Leia o Editorial completo publicado pelo O Estado de S. Paulo
Acusado pelo ex-ministro da Justiça de tentativa de ingerência sobre a Polícia Federal, o presidente Jair Bolsonaro entrou também na mira do Ministério Público Federal (MPF) por indícios de violação à Constituição ao interferir em atos de exclusividade do Exército quando, no dia 17, revogou três portarias do Comando Logístico do Exército (Colog) sobre monitoramento de armas e munições.
As portarias foram elaboradas por militares, policiais federais e técnicos do Ministério da Justiça, após recomendação do MPF. Ao investigar os projéteis utilizados para executar a vereadora carioca Marielle Franco, o órgão identificou falhas no sistema de distribuição de armas e munições. O segmento bancário também pressionou o Exército pelo controle de explosivos. Dados do setor indicam que mais de 90% das explosões de carros-fortes e caixas eletrônicos são feitas com explosivos extraviados de pedreiras.
Para o controle de explosivos, o Exército baixou a Portaria 46. As Portarias 60 e 61 estabeleciam, respectivamente, a identificação de armas de fogo fabricadas no País, exportadas ou importadas, e a normatização de atividades de colecionamento, tiro desportivo e caça.
O texto do Diário Oficial que cancelou as portarias não apresentou qualquer justificativa. Nas redes sociais, o presidente disse apenas que elas não se adequavam “às minhas diretrizes”. Já o deputado federal Eduardo Bolsonaro (PSL-SP) foi mais explícito: “CACs (Caçadores, Atiradores e Colecionadores) sempre apoiaram Bolsonaro para que tenhamos pela primeira vez um presidente não desarmamentista. É inadmissível que o Colog faça portarias restringindo a importação. A quem isso interessa?”.
A resposta é fácil. Como apontou o MPF, as orientações concretizavam os princípios do Estatuto do Desarmamento e “preenchiam relevante lacuna” no rastreamento de produtos controlados pelo Exército. Trata-se de medida comumente aplicada pela comunidade internacional, que, além de tudo, serviria de precedente para aprimorar o controle sobre uma série de outras mercadorias cujo roubo abastece o crime organizado.
Assim, a verdadeira dúvida é a quem interessa a revogação. “O presidente tem uma reclamação muito específica de atiradores e colecionadores”, disse Bruno Langeani, do Instituto Sou da Paz.
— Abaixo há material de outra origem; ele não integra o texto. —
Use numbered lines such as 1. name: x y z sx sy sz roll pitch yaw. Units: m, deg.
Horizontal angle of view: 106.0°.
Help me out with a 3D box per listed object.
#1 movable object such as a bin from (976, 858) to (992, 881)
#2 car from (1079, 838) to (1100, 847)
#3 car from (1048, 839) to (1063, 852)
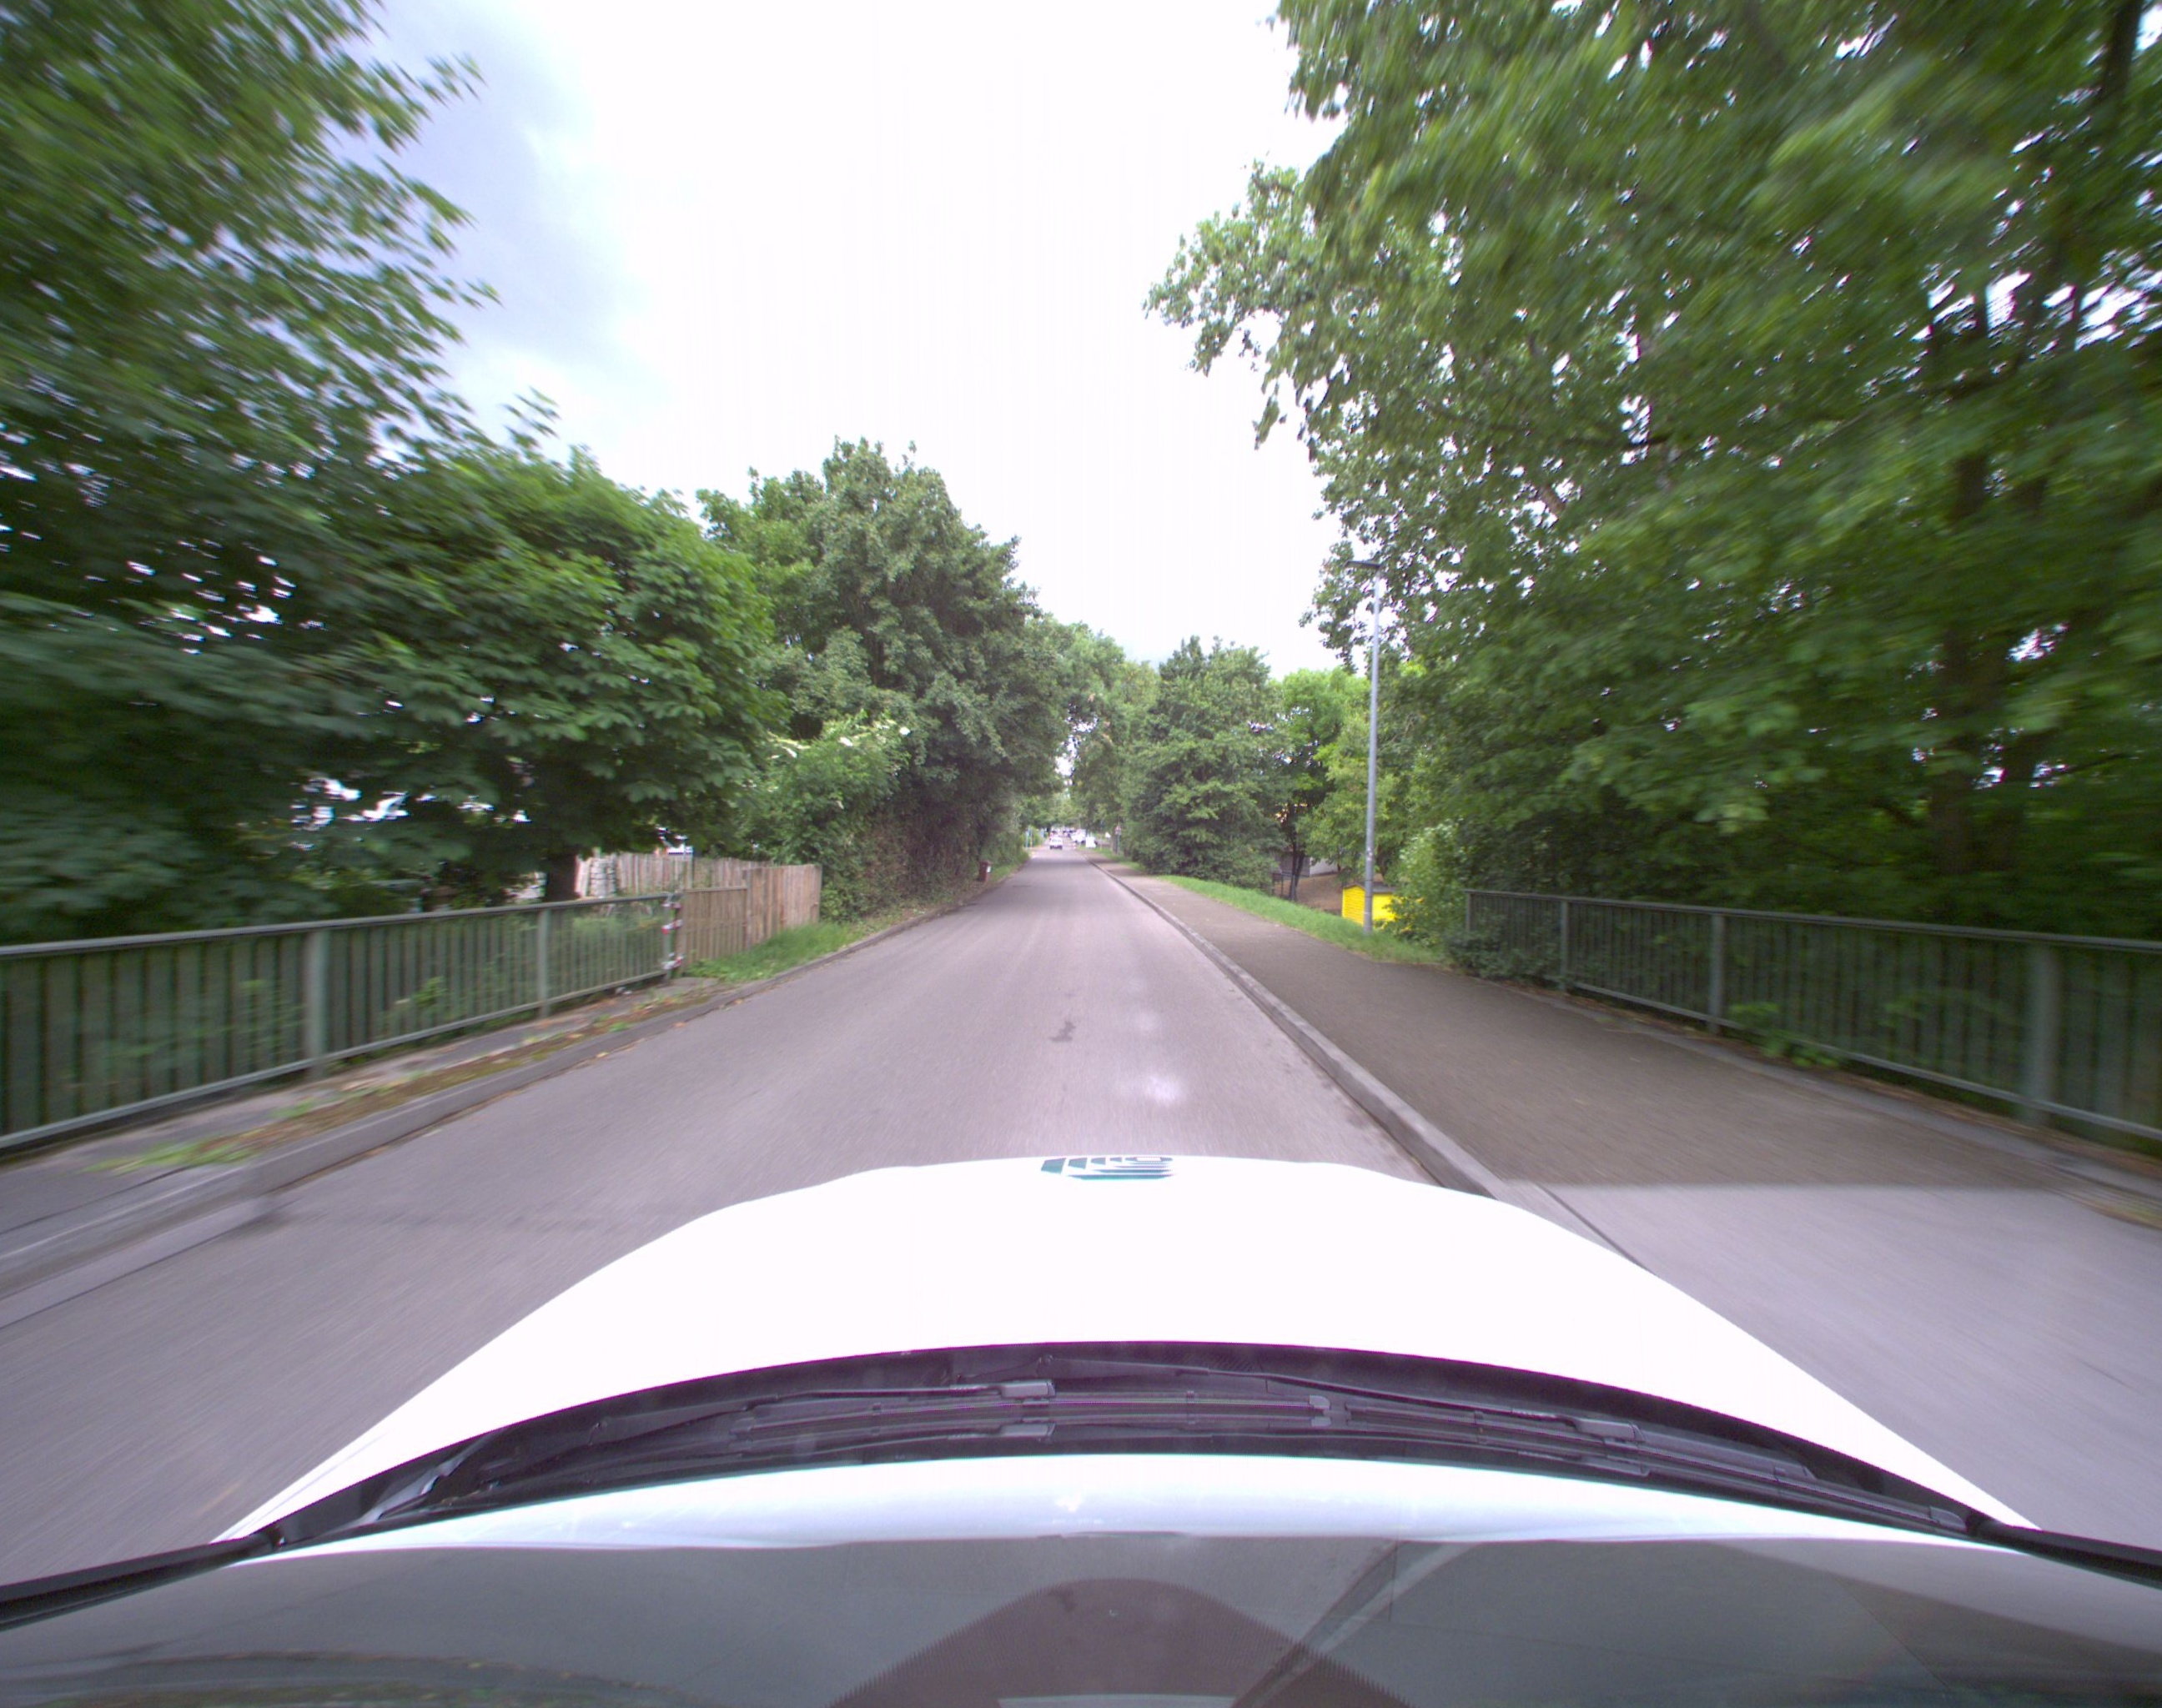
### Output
1. movable object such as a bin: -4.147 0.647 34.748 0.588 0.957 0.470 1 -1 -1
2. car: 1.656 -2.209 157.691 3.975 1.772 1.999 1 0 -1
3. car: -3.824 -1.252 121.879 1.987 1.772 3.999 1 0 0

Segundo ele, “nem todas, mas várias dessas pessoas abastecem o crime”. É o caso, por exemplo, do ex-sargento Ronnie Lessa, apontado como um dos assassinos de Marielle Franco, e do Capitão Adriano, ligado à família Bolsonaro e morto numa operação policial na Bahia, que, segundo investigações em curso, utilizavam as suas carteiras de CAC para comprar livremente armamentos que municiavam suas milícias. Para piorar, depois de aumentar em quatro vezes a potência de fogo das armas que civis podem ter em casa, o governo aumentou em 12 vezes a cota de munição. Com isso, o número de projéteis comprados por uma única pessoa poderá chegar a 6.600 por ano.
A procuradora da República Raquel Branquinho, responsável pela apuração da ordem dada por Bolsonaro, diz “não restar dúvidas” quanto à competência do Exército para fiscalizar armamentos, e que não há espaço na Constituição “para ideias e atitudes voluntaristas” do presidente. Com efeito, ela sugere que a revogação das portarias pode ter a finalidade de “atender uma parcela de eleitores”. Segundo a procuradora, a derrubada das portarias “representa uma situação extremamente grave”, com potencial para ampliar a crise de segurança pública do País, fortalecendo a “estrutura operacional” das organizações criminosas com “armas e munições, cujas origens são desconhecidas pelo Estado”.
O caso pode levar a uma ação de improbidade na Justiça Federal ou à abertura de um inquérito no Supremo Tribunal Federal. Caberá a estas instituições mostrar que as Forças Armadas – assim como a Polícia Federal – existem para servir ao Estado e não ao governo de turno, e que seus atos administrativos não precisam se adequar às diretrizes do presidente e seus correligionários, mas sim à Constituição.